Hikaru Nakamura's Winning Streaks

  /   11 minutes   /   chess   statistics   games  

Chess legend Vladimir Kramnik recently accused Hikaru Nakamura of cheating. He called out one of Hikaru’s 46-game winning streaks as supporting evidence, claiming such a streak was highly improbable.

Quoting wikipedia:

In October and November, Nakamura participated in the FIDE Grand Swiss 2023, finishing in second place with 8/11 points (+5-0=6) and thus qualifying for the Candidates Tournament 2024. Vladimir Kramnik made a statement on his Chess.com profile purportedly insinuating that an unnamed high-level player was cheating on November 20. Nakamura believed this post was targeted towards him, and responded with a statement on Twitter reading “Vladimir appears to be referencing my record…is he really accusing me of cheating??? [sic]”. Nakamura also expressed disappointment with Ian Nepomniachtchi for reposting Kramnik’s claims.

The claim is dubious, at best.
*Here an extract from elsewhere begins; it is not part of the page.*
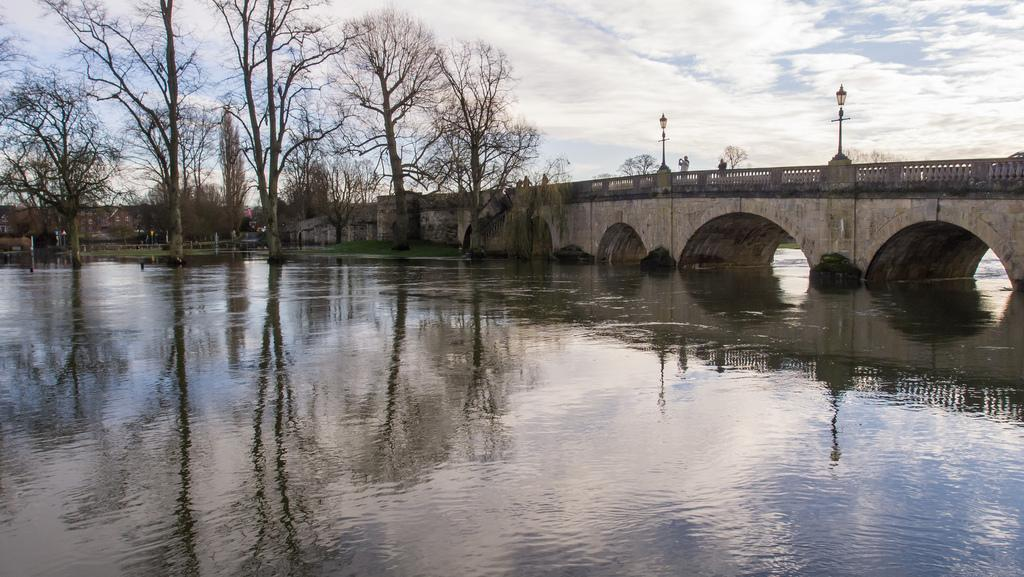What is the main element present in the image? There is water in the image. What structure can be seen on the right side of the image? There is a bridge on the right side of the image. What type of vegetation is present in the image? There are big trees in the image. How does the pear affect the water in the image? There is no pear present in the image, so it cannot affect the water.

But I was curious enough to play with the data myself.

Executive Summary

I started by downloading Hikaru’s games from the chess.com API. I wrote code in rust to load these games and re-simulate his chess.com career in order to arrive at probabilities of achieving win streaks. Note that by chess.com career, I mean my analysis is limited to games which happened on chess.com only.

Each game in the series was simulated based on the easily calculated probability of win or loss between two opponents with Elo ratings. I simulated the entire series of 47,407 games one million times. Yes, a million is overkill. But it sounds cool.
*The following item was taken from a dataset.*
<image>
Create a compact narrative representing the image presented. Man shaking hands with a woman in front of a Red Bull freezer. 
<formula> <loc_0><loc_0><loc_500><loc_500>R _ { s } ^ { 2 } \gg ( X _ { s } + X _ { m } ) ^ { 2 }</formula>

My analysis of 47,407 games played by Hikaru on chess.com shows that:

  • the probability of hitting at least one 46 game winning streak is 100%, with significant confidence
  • the expected number of 46 game winning streaks is 2
  • the actual number of 46 game winning streaks in Hikaru’s chess.com career is 2
  • the amount of BS in this cheating accusation is significantly high

For graphs and some discussion, go straight to Results.

Methodology

Hikaru’s ability to win streaks completely depends on the sequence of opponents and his skill difference with each opponent. Skill difference is, rather conveniently, quantified in chess with Elo ratings. Given two Elo ratings, we can determine the probability of one player beating another. Given the historical data, which includes opponents and their Elo ratings, we can re-simulate his career many many times and see how often he wins streaks. This approach is a Monte Carlo method.

If you want to see all the details of my model, browse the code here.

Historical Data

In order to start, I needed Hikaru’s history from chess.com, sequenced in order. Order is important because, as a popular chess streamer, Hikaru has frequently played batches of opponents in very specific rating ranges, sometimes significantly lower than his actual rating.

To do this, I used curl to hit the API directly, like this:

# Fetch the list of game archive URLs for the player 'Hikaru' from Chess.com
archive_urls=$(curl -Ls https://api.chess.com/pub/player/Hikaru/games/archives | jq -rc ".archives[]")

# Iterate over each archive URL
for url in $archive_urls; do
    # Fetch the games from each archive and extract the PGN
    curl -Ls "$url" | jq -rc ".games[].pgn"
done >> games.pgn  # Append all PGNs to the 'games.pgn' file

I didn’t figure this out on my own. Nope. Just found it on this reddit post.

Assumptions

unwrap() is ok

I’m using rust to code this simulation. We don’t need full blown error handling here. This is just a hacky experiment. So, I’m going to use unwrap() wherever I want and be perfectly okay with it. To the coders out there - this isn’t how I’d write production code!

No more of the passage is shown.